Problem. Reproduce exactly the lines below from the one containing "Answer: 6.3 Is" through the one containing "Answer: 80.16 Which", including both, and nothing else.

Dataset entries.
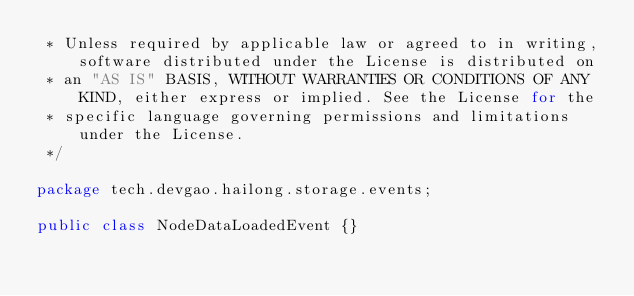<code> <loc_0><loc_0><loc_500><loc_500><_Java_> * Unless required by applicable law or agreed to in writing, software distributed under the License is distributed on
 * an "AS IS" BASIS, WITHOUT WARRANTIES OR CONDITIONS OF ANY KIND, either express or implied. See the License for the
 * specific language governing permissions and limitations under the License.
 */

package tech.devgao.hailong.storage.events;

public class NodeDataLoadedEvent {}
</code> 
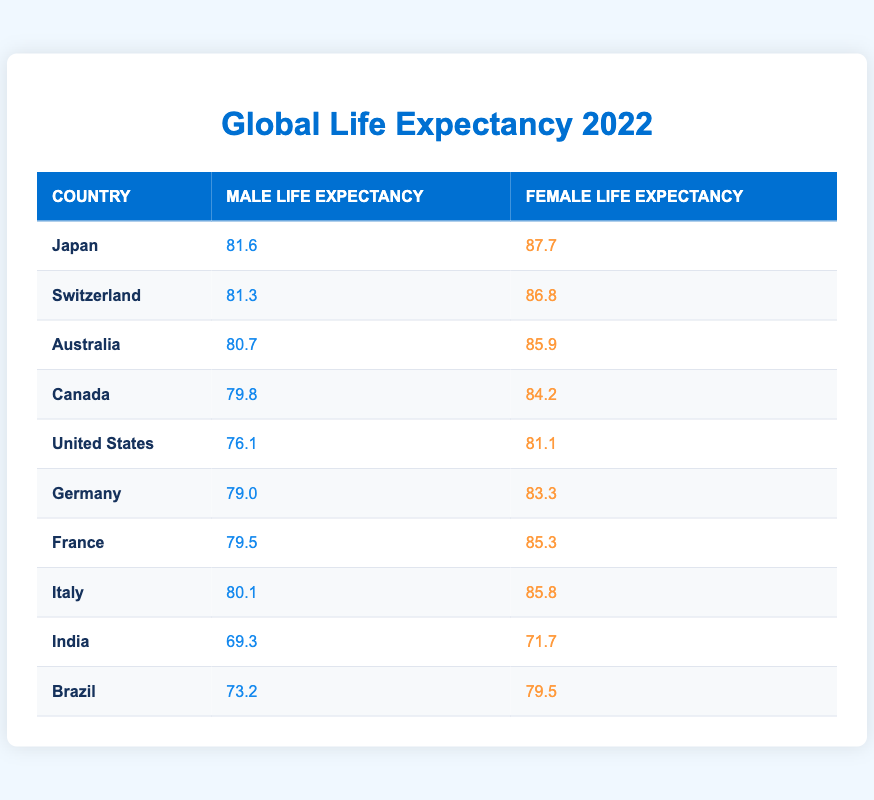What is the average life expectancy for males in Japan? The table shows that the average life expectancy for males in Japan is listed as 81.6.
Answer: 81.6 What country has the highest average female life expectancy? From the table, Japan has the highest average female life expectancy of 87.7.
Answer: Japan Which country has a lower life expectancy for males than the United States? The table indicates that both Canada (79.8) and Germany (79.0) have male life expectancy values lower than that of the United States (76.1).
Answer: Canada and Germany What is the difference between the average life expectancy of males and females in Brazil? In Brazil, the average life expectancy for males is 73.2 and for females is 79.5. The difference is calculated as 79.5 - 73.2 = 6.3.
Answer: 6.3 Is the average life expectancy for males in Germany higher than that of Brazil? According to the table, Germany has an average male life expectancy of 79.0, while Brazil's is 73.2. Hence, the statement is true.
Answer: Yes What is the overall average life expectancy for males from the countries listed? To find the overall average, we sum the male life expectancies: (81.6 + 81.3 + 80.7 + 79.8 + 76.1 + 79.0 + 79.5 + 80.1 + 69.3 + 73.2) = 801.6. There are 10 entries, so the average is 801.6/10 = 80.16.
Answer: 80.16 Which country has the closest average life expectancy for males compared to Italy? Italy has an average life expectancy of 80.1 for males. Switzerland has 81.3, which is only 1.2 years higher, making it the closest comparison.
Answer: Switzerland What is the average female life expectancy across all the countries listed? To find the average female life expectancy, we sum the female life expectancies: (87.7 + 86.8 + 85.9 + 84.2 + 81.1 + 83.3 + 85.3 + 85.8 + 71.7 + 79.5) = 834.3. Dividing by 10 gives an average of 83.43.
Answer: 83.43 
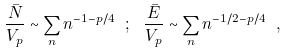<formula> <loc_0><loc_0><loc_500><loc_500>\frac { \bar { N } } { V _ { p } } \sim \sum _ { n } n ^ { - 1 - p / 4 } \ ; \ \frac { \bar { E } } { V _ { p } } \sim \sum _ { n } n ^ { - 1 / 2 - p / 4 } \ ,</formula> 
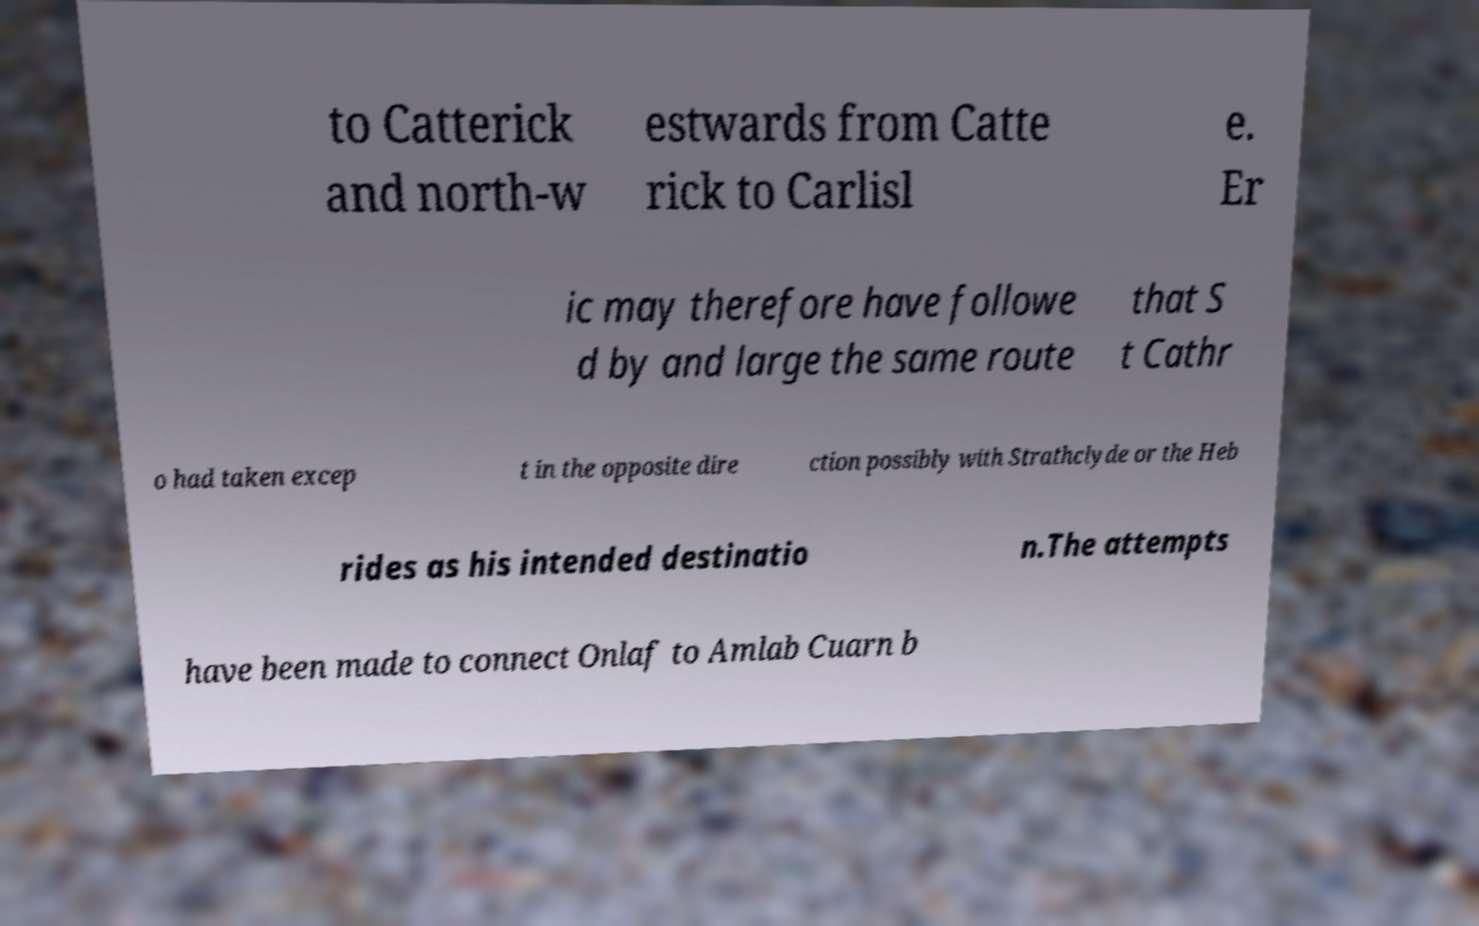Can you read and provide the text displayed in the image?This photo seems to have some interesting text. Can you extract and type it out for me? to Catterick and north-w estwards from Catte rick to Carlisl e. Er ic may therefore have followe d by and large the same route that S t Cathr o had taken excep t in the opposite dire ction possibly with Strathclyde or the Heb rides as his intended destinatio n.The attempts have been made to connect Onlaf to Amlab Cuarn b 
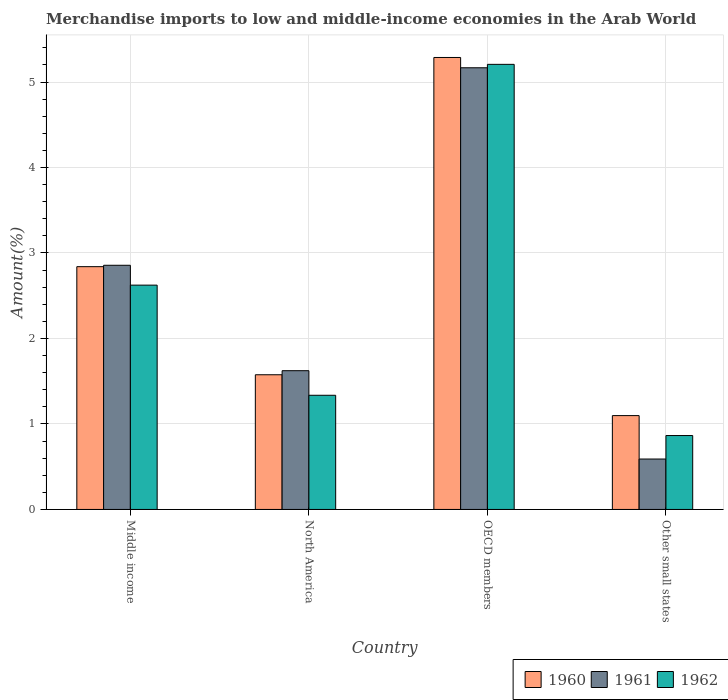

Exercise response.
Answer: 6.3 Is the average life expectancy for males in Germany higher than that of Brazil? According to the table, Germany has an average male life expectancy of 79.0, while Brazil's is 73.2. Hence, the statement is true.
Answer: Yes What is the overall average life expectancy for males from the countries listed? To find the overall average, we sum the male life expectancies: (81.6 + 81.3 + 80.7 + 79.8 + 76.1 + 79.0 + 79.5 + 80.1 + 69.3 + 73.2) = 801.6. There are 10 entries, so the average is 801.6/10 = 80.16.
Answer: 80.16 Which country has the closest average life expectancy for males compared to Italy? Italy has an average life expectancy of 80.1 for males. Switzerland has 81.3, which is only 1.2 years higher, making it the closest comparison.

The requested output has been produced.